REQUIREMENT:
Filter the records for lines holding the string "need".

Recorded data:

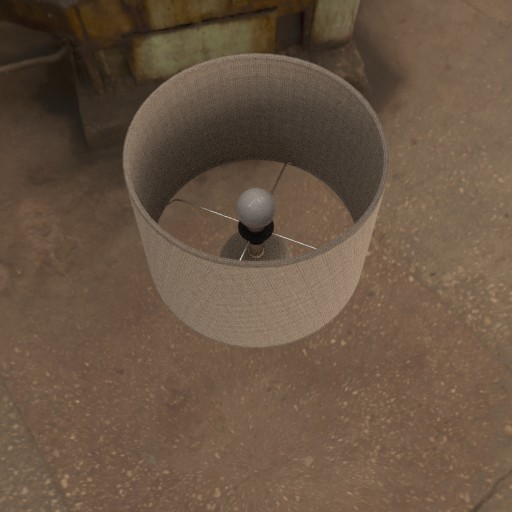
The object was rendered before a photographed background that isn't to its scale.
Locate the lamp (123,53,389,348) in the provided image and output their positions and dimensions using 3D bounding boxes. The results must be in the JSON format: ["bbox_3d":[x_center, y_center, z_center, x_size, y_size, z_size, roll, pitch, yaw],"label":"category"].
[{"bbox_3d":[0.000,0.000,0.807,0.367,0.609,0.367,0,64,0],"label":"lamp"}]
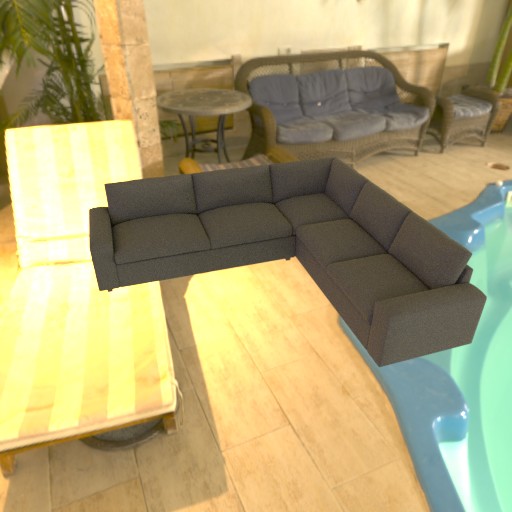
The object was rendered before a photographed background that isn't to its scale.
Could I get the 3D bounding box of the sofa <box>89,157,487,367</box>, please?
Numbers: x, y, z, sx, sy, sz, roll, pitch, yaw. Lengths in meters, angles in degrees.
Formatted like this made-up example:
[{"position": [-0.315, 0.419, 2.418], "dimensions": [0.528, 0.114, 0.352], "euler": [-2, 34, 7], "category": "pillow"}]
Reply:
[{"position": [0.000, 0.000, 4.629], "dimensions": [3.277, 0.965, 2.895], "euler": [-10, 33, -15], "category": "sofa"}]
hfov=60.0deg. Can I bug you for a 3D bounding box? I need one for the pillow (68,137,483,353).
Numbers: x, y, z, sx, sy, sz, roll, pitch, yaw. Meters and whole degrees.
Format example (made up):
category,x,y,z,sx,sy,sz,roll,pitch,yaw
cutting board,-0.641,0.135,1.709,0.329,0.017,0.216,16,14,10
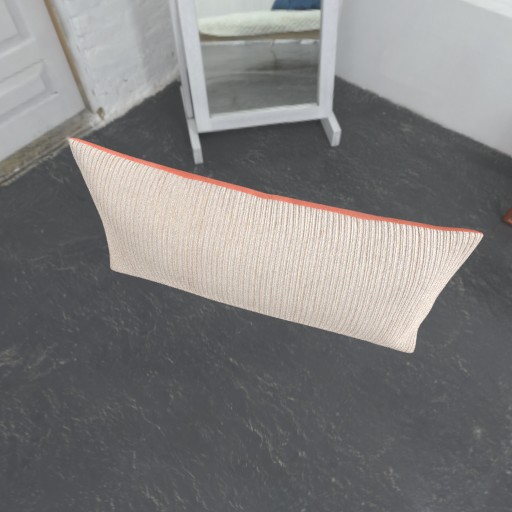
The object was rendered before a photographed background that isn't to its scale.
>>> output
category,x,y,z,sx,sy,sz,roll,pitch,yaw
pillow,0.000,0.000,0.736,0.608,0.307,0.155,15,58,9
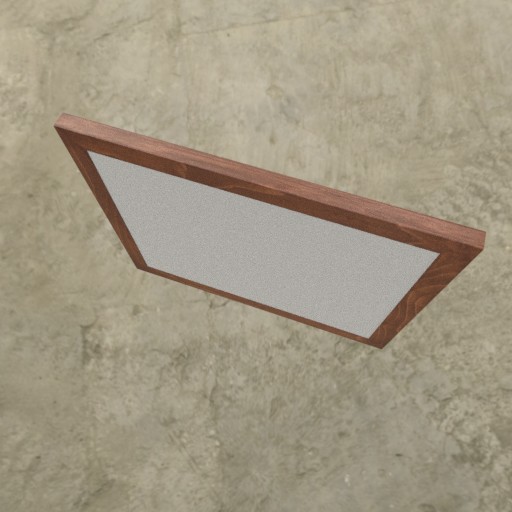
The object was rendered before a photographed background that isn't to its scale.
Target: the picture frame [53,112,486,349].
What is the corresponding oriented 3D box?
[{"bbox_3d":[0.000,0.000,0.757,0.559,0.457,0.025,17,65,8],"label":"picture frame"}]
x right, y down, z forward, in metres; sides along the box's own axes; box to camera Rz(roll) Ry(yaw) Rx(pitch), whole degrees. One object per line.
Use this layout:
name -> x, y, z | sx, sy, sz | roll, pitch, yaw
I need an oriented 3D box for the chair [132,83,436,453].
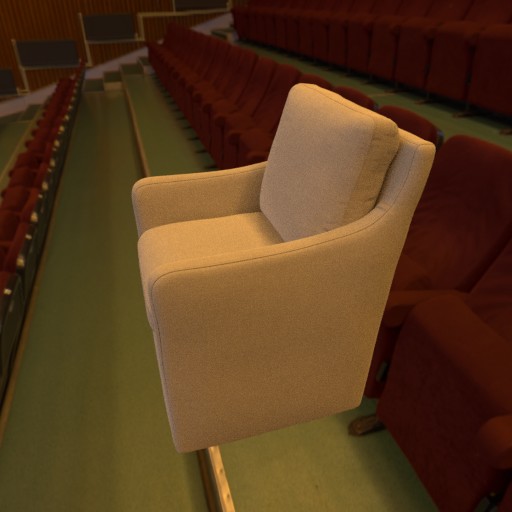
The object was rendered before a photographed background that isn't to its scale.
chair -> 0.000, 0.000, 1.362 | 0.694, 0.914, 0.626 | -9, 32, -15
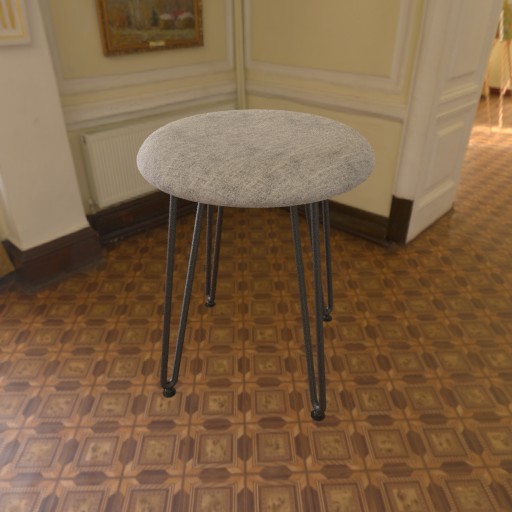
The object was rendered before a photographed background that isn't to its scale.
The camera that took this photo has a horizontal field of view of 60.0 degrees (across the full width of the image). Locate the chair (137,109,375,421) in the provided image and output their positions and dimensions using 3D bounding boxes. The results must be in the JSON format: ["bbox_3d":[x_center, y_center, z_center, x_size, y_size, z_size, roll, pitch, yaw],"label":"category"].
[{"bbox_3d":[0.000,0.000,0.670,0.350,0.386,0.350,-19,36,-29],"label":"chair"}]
...
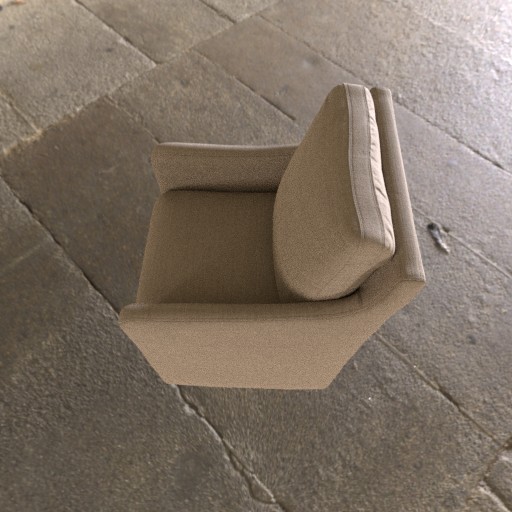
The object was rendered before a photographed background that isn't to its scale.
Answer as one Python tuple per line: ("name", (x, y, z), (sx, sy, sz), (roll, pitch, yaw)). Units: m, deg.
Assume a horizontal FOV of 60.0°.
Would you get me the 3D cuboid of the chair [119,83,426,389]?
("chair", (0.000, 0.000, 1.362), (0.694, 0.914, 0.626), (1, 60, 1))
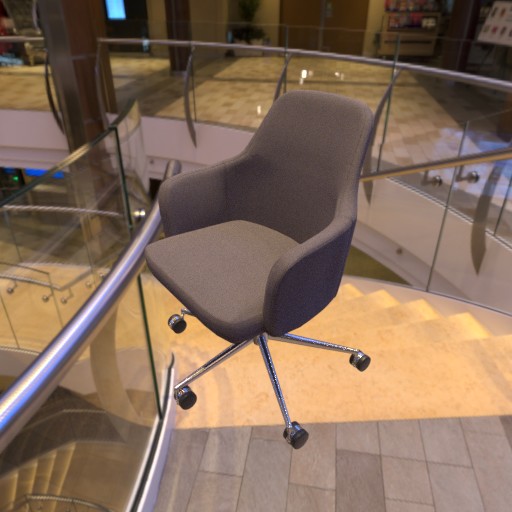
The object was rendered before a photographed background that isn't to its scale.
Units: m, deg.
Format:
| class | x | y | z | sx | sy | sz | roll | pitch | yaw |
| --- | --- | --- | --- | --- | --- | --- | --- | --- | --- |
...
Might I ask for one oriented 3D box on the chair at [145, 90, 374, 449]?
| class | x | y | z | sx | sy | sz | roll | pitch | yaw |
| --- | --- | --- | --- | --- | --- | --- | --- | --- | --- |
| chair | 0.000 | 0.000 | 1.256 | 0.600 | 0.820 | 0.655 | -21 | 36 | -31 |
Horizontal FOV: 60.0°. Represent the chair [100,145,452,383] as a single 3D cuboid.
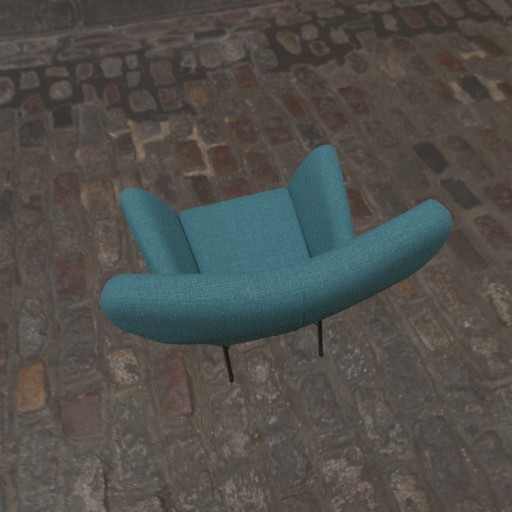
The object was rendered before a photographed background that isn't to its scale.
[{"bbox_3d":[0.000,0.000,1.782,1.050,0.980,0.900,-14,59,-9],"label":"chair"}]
...
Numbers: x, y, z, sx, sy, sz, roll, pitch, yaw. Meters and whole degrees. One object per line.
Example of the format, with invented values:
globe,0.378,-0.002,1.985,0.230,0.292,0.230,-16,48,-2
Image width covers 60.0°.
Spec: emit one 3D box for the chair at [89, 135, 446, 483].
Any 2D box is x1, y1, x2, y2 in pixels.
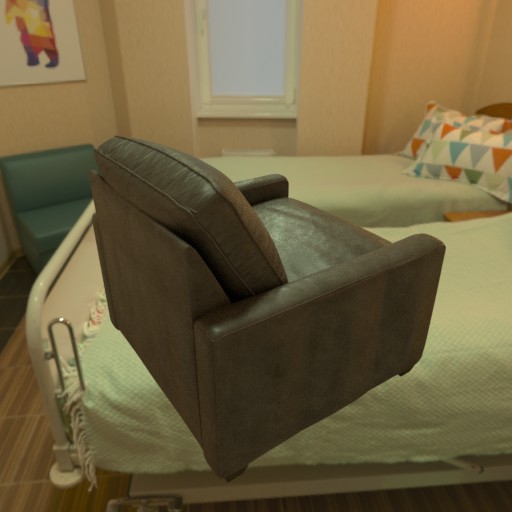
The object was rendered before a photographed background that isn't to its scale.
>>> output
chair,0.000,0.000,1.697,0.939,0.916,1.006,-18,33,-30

RESPONSE TO THIS EXERCISE:
hfov=60.0deg. Can I bug you for a 3D bounding box? I need one for the pillow (68,137,483,353).
I need an oriented 3D box for the chair [132,83,436,453].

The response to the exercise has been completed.